Freed from processing autoexec.bat and config.sys and displaying the whole MS-DOS user interface (see "Death Throes of DOS"), Windows Me booted up about 35 percent faster than Windows 98 SE, which took 84 seconds. Shutdown times, already in the 3-second neighborhood for Win 98 SE, decreased by half.
Overall, Windows Me ran a tad slower than its predecessors on our PC WorldBench 2000 business applications suite--probably due to the housekeeping tasks the PC Health features handle. But the difference is so tiny--less than 5 percent in our tests on a group of 21 desktops and five notebooks--that most users won't detect a slowdown in typical business applications.

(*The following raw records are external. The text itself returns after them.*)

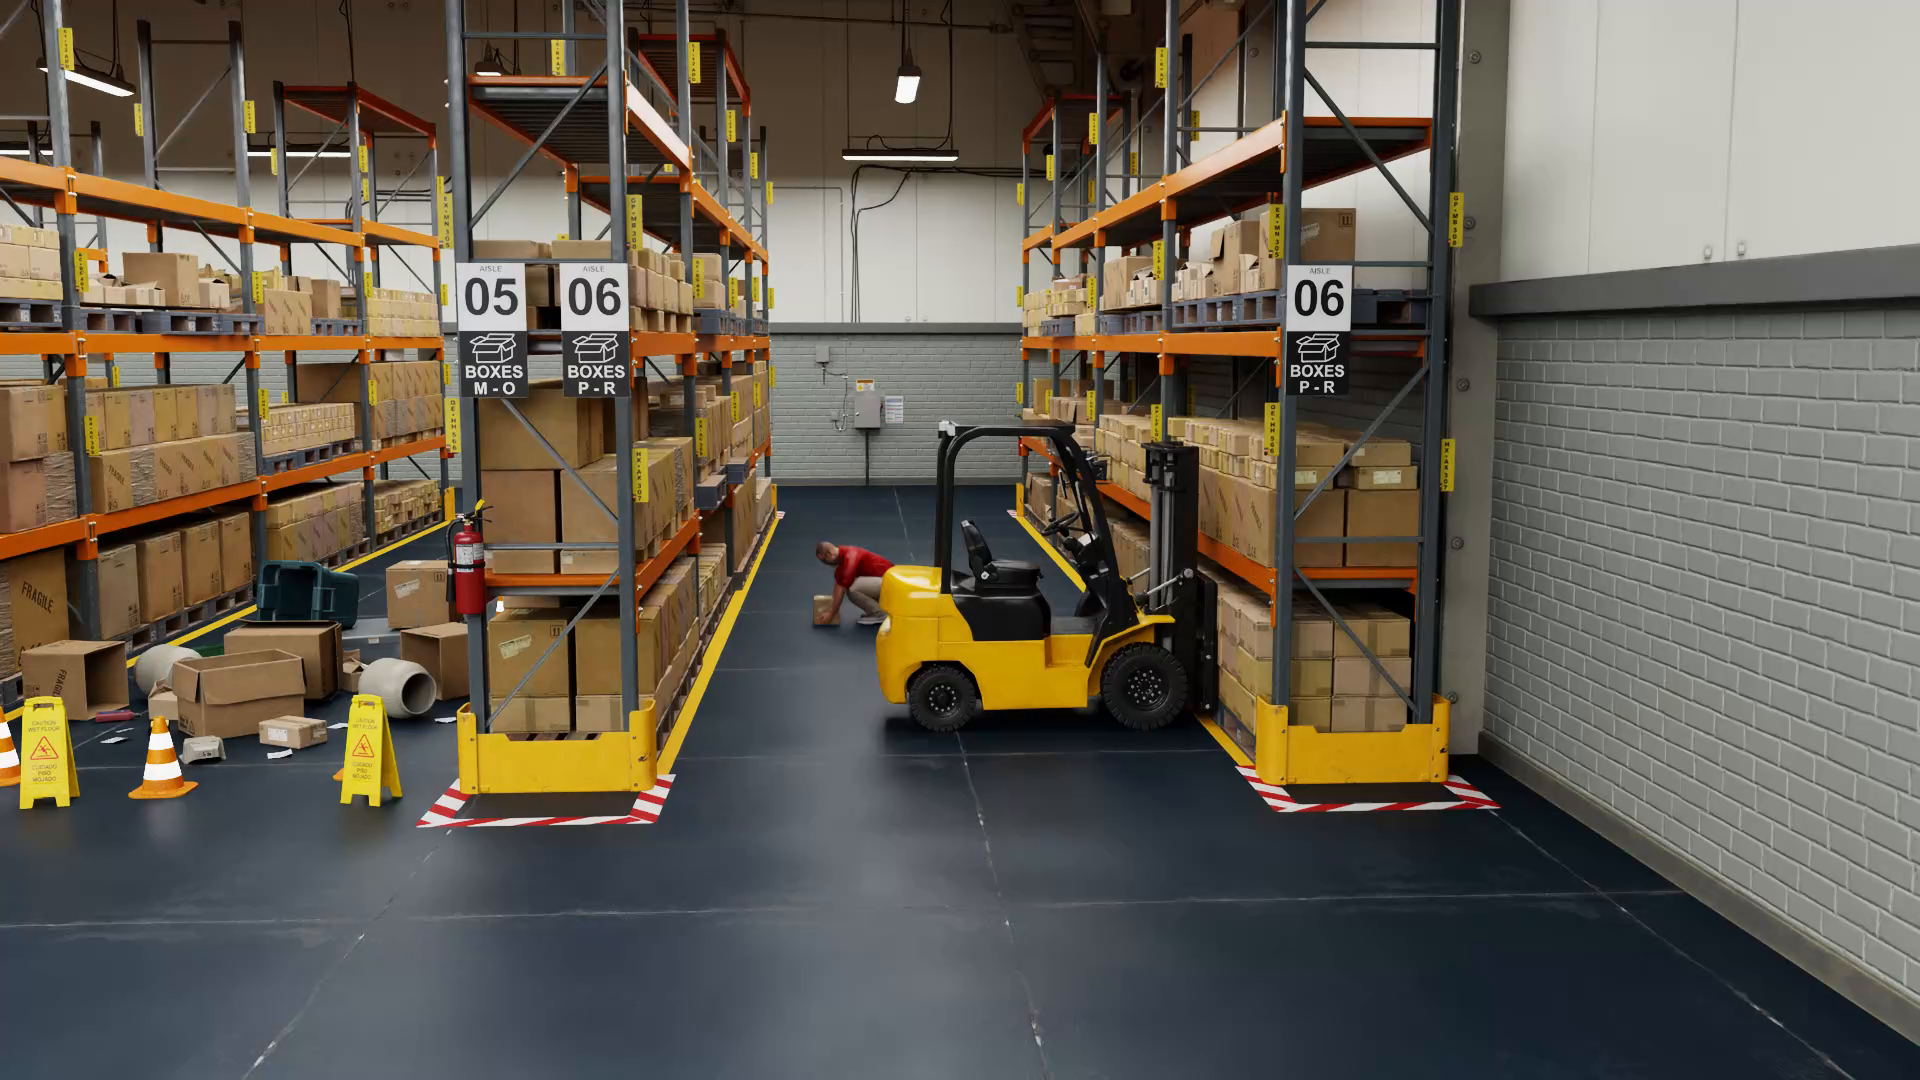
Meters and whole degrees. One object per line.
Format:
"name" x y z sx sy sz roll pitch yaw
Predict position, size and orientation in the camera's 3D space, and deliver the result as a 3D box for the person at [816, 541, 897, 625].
"person" -0.968 0.428 16.276 0.872 0.855 0.545 0 7 -4
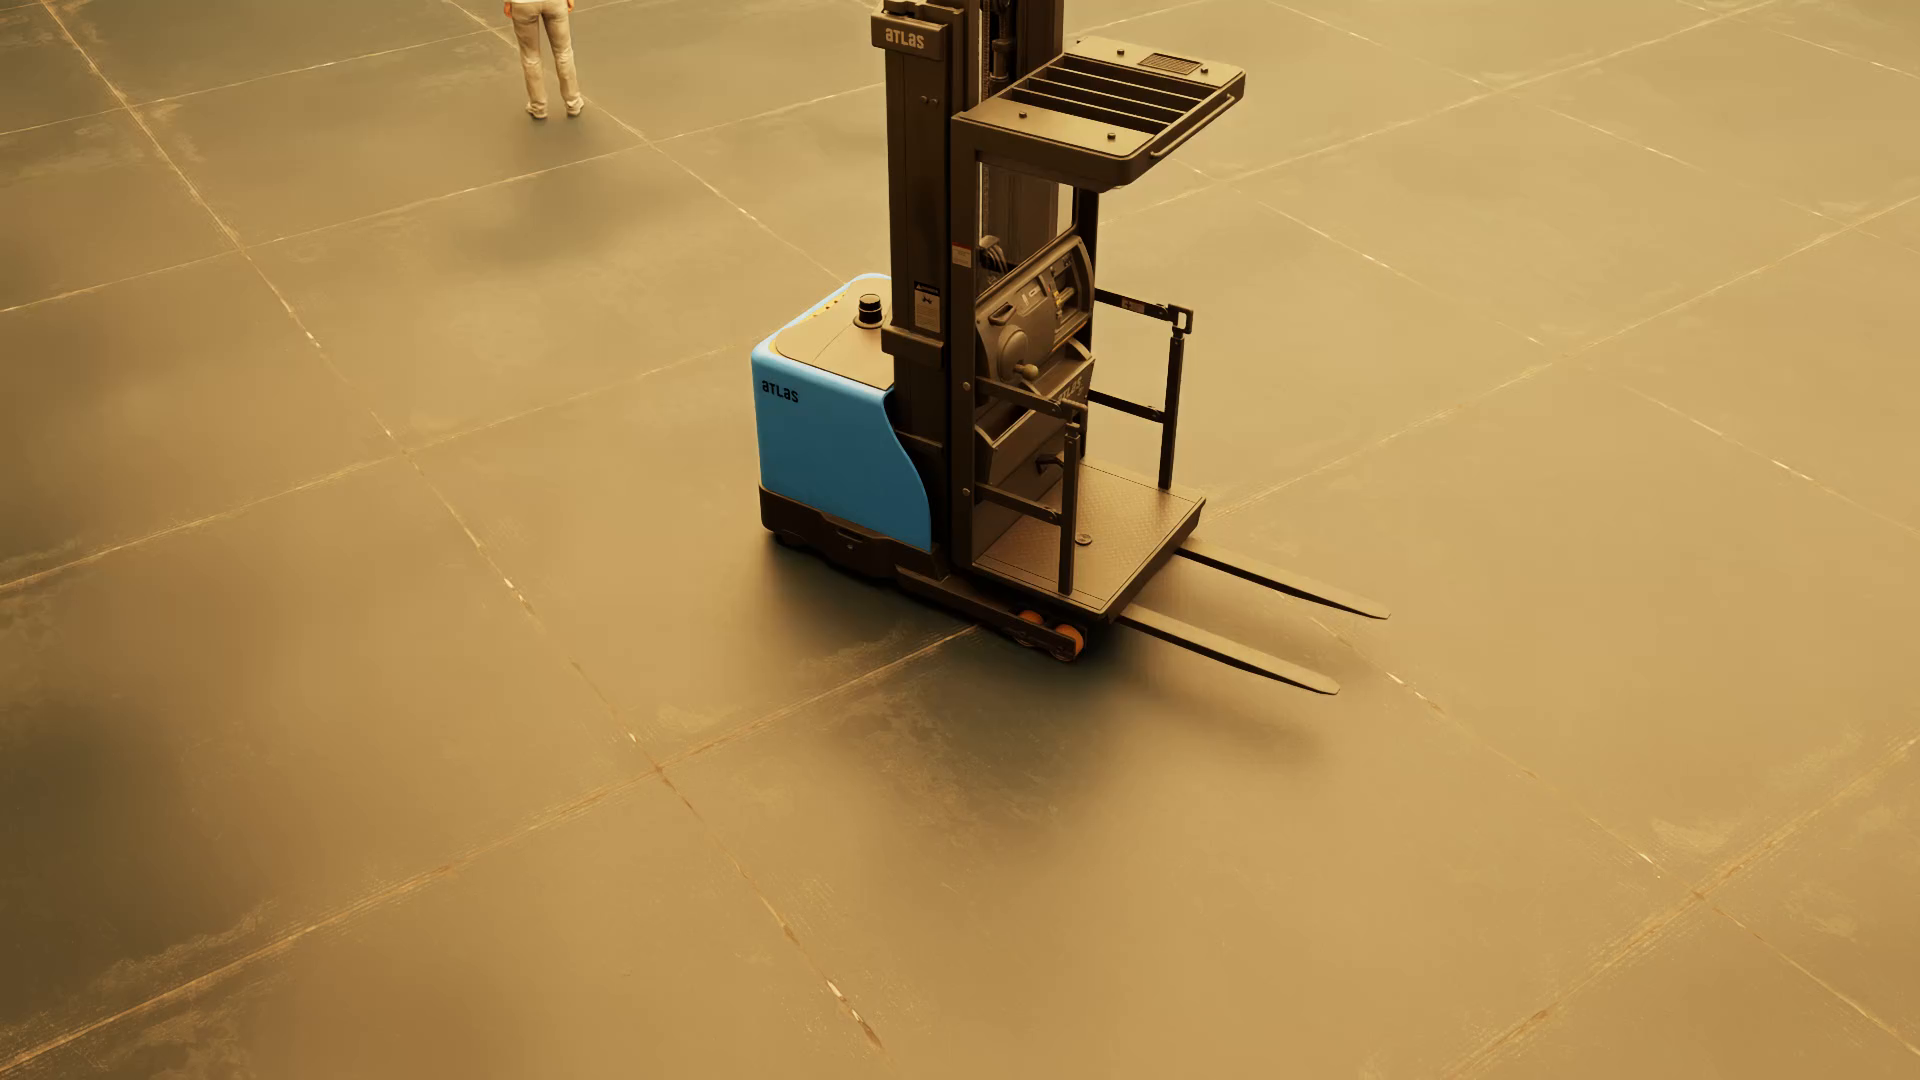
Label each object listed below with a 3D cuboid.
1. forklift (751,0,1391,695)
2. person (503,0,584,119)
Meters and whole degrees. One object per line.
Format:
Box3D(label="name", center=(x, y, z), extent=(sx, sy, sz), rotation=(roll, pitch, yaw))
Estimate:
Box3D(label="forklift", center=(0.514, -0.985, 7.276), extent=(3.031, 2.935, 1.130), rotation=(21, 41, 26))
Box3D(label="person", center=(-3.147, -4.034, 12.375), extent=(0.533, 1.776, 0.358), rotation=(-11, 38, -15))
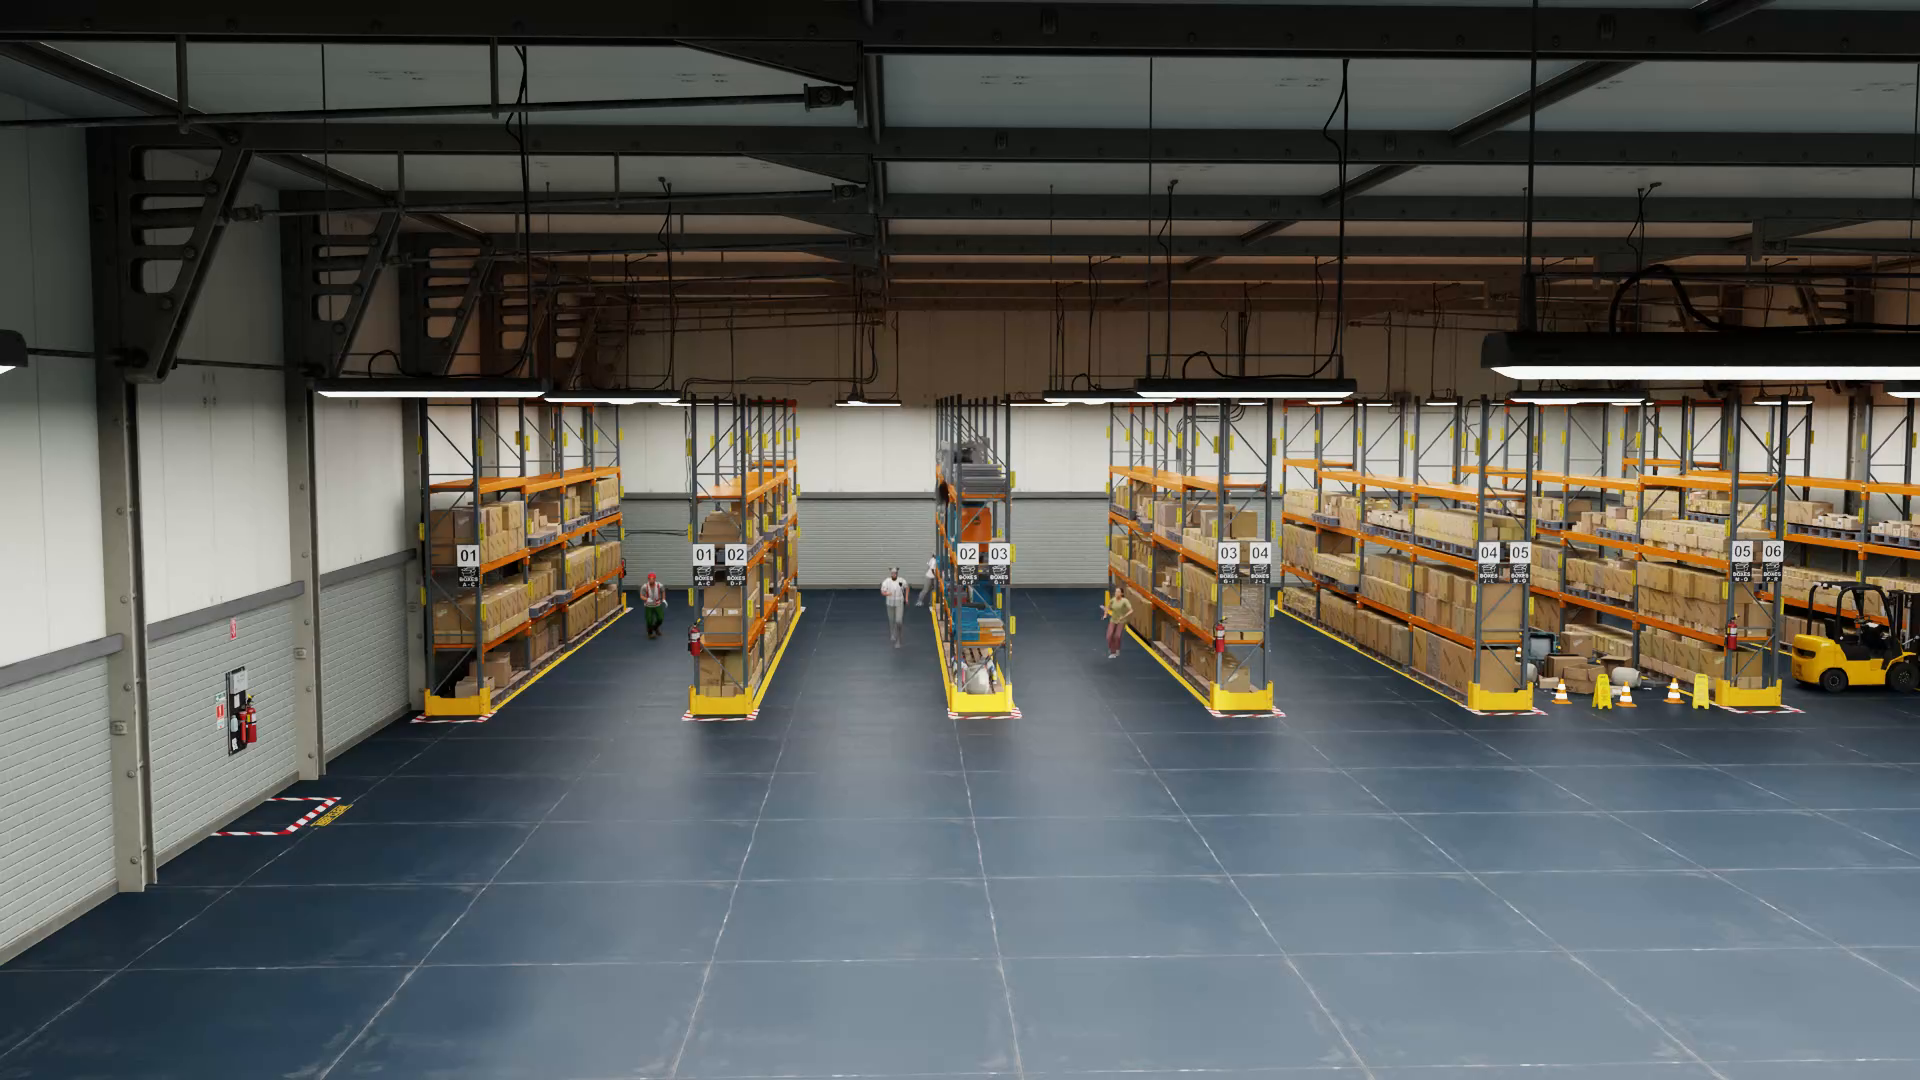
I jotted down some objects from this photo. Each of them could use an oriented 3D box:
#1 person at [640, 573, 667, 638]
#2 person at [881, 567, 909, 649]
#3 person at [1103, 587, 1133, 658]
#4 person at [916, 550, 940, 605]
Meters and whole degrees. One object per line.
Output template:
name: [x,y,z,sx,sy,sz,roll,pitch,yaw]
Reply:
person: [-7.614,1.638,41.353,0.694,1.673,0.795,-2,5,-19]
person: [-1.514,1.561,38.486,0.622,1.906,0.824,0,5,4]
person: [3.456,1.804,36.343,0.650,1.590,0.491,2,5,23]
person: [-0.895,1.105,48.465,0.724,1.624,0.569,1,5,8]
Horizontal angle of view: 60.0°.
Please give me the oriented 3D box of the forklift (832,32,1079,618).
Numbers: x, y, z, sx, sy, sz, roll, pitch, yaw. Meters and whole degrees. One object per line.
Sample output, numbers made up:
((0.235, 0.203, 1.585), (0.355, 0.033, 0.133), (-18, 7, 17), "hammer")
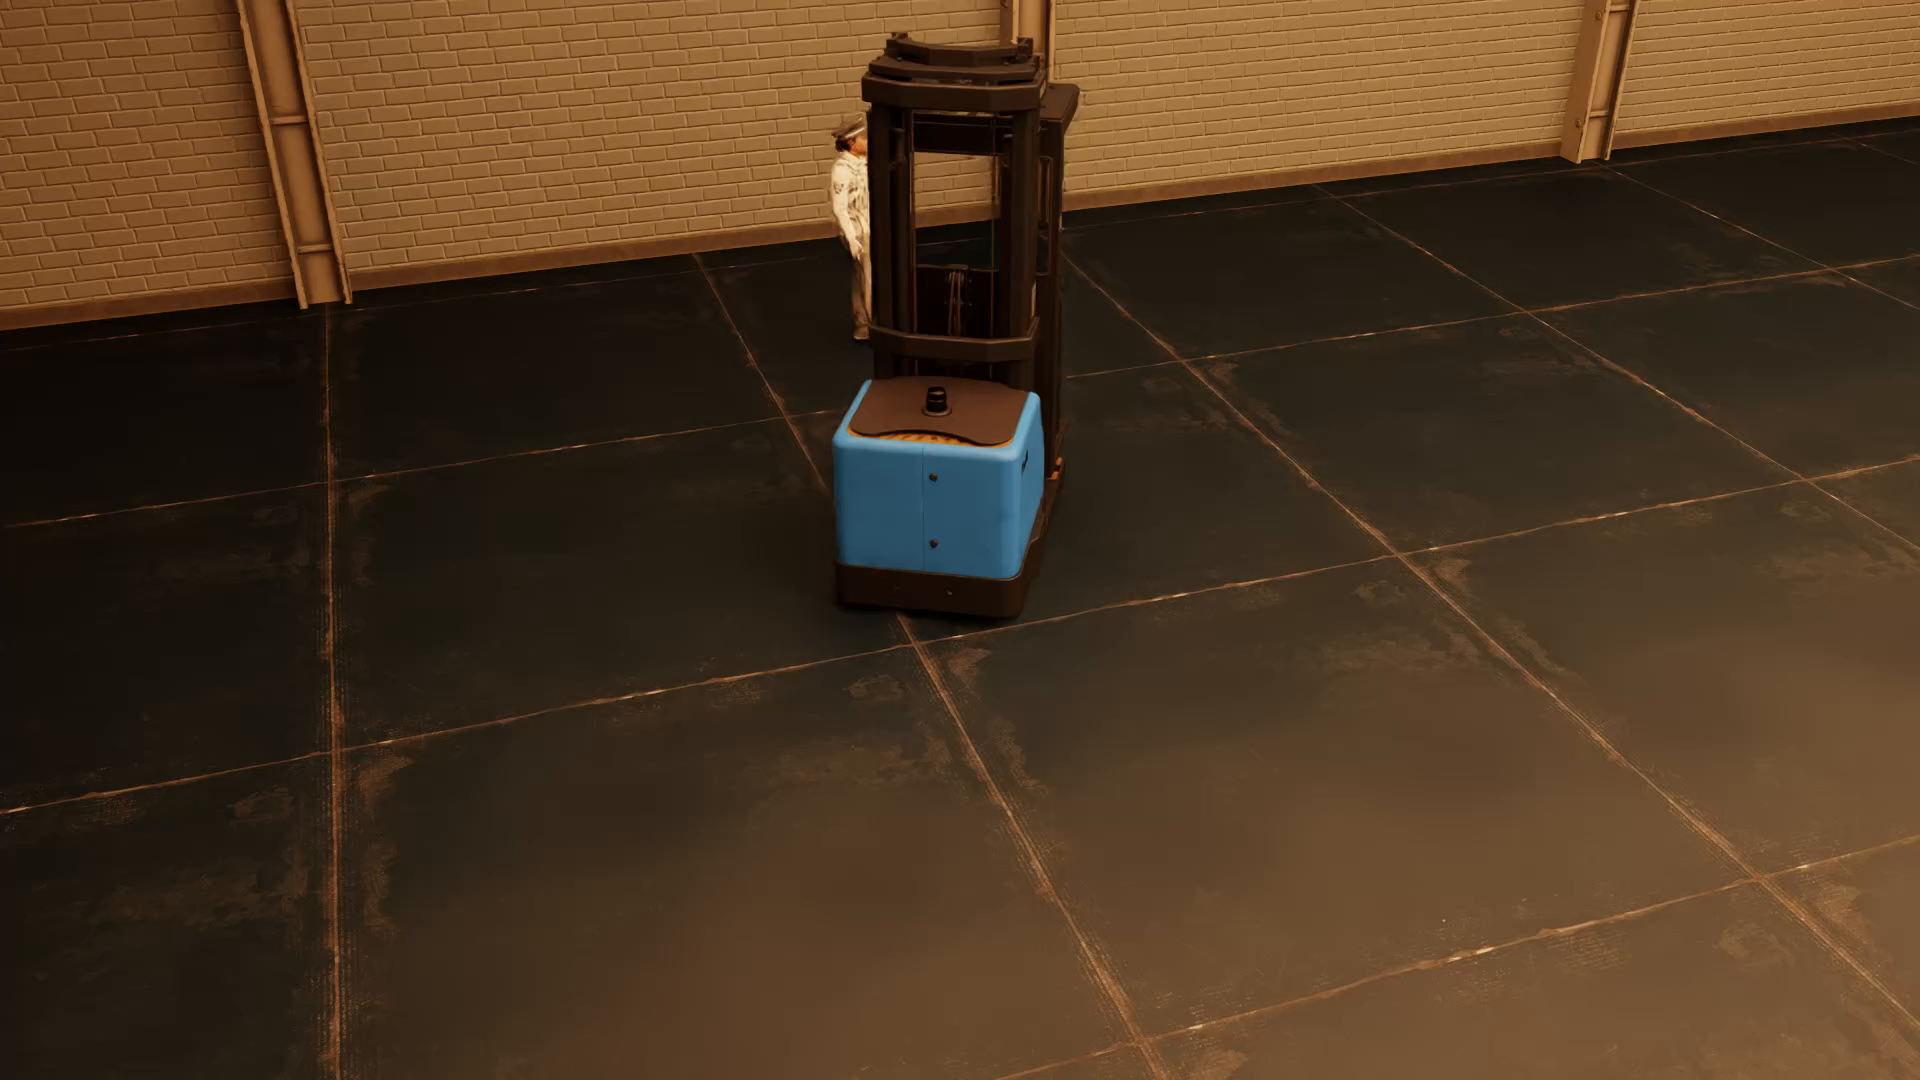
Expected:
((0.074, -1.562, 9.802), (1.130, 2.935, 3.031), (5, 30, 9), "forklift")

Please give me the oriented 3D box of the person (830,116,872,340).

Microsoft says that your PC needs at least a 150-MHz Pentium CPU to run Win Me--and the company means it. Try installing the OS on a slower machine, and you'll get a polite error message saying, "Sorry, but you need a faster processor--and by the way, click OK to exit Setup." I overrode the 150-MHz limitation on my ancient Pentium-75 laptop (using the command setup /nm) just to see whether the OS would run at all. The installation dragged on for nearly two hours, but afterward Windows Me appeared to run just as well as Windows 98--which is to say, extremely slowly. I couldn't do much with the computer anyway: Windows Me's default installation gobbled up 657MB of my laptop's undernourished 774MB drive. I probably could have gained some breathing room by disabling or uninstalling individual features, but I chose to back out of Me instead. Fortunately, the uninstall routine returned me to Windows 98 without mishap.
Even if your PC meets Microsoft's system requirements (which include 32MB of RAM, 320MB of free disk space, and an Internet connection), you may want to think twice before upgrading. Most of the good stuff is available for downloading into a Win 9x environment. And in jumping to Me, you forfeit some compatibility--mainly with older DOS programs and drivers. A read-me file on the installation CD-ROM says Adaptec's GoBack, NAI's PGP Desktop Security, and some antivirus utilities may prevent Win Me from installing; you'll have to disable them first.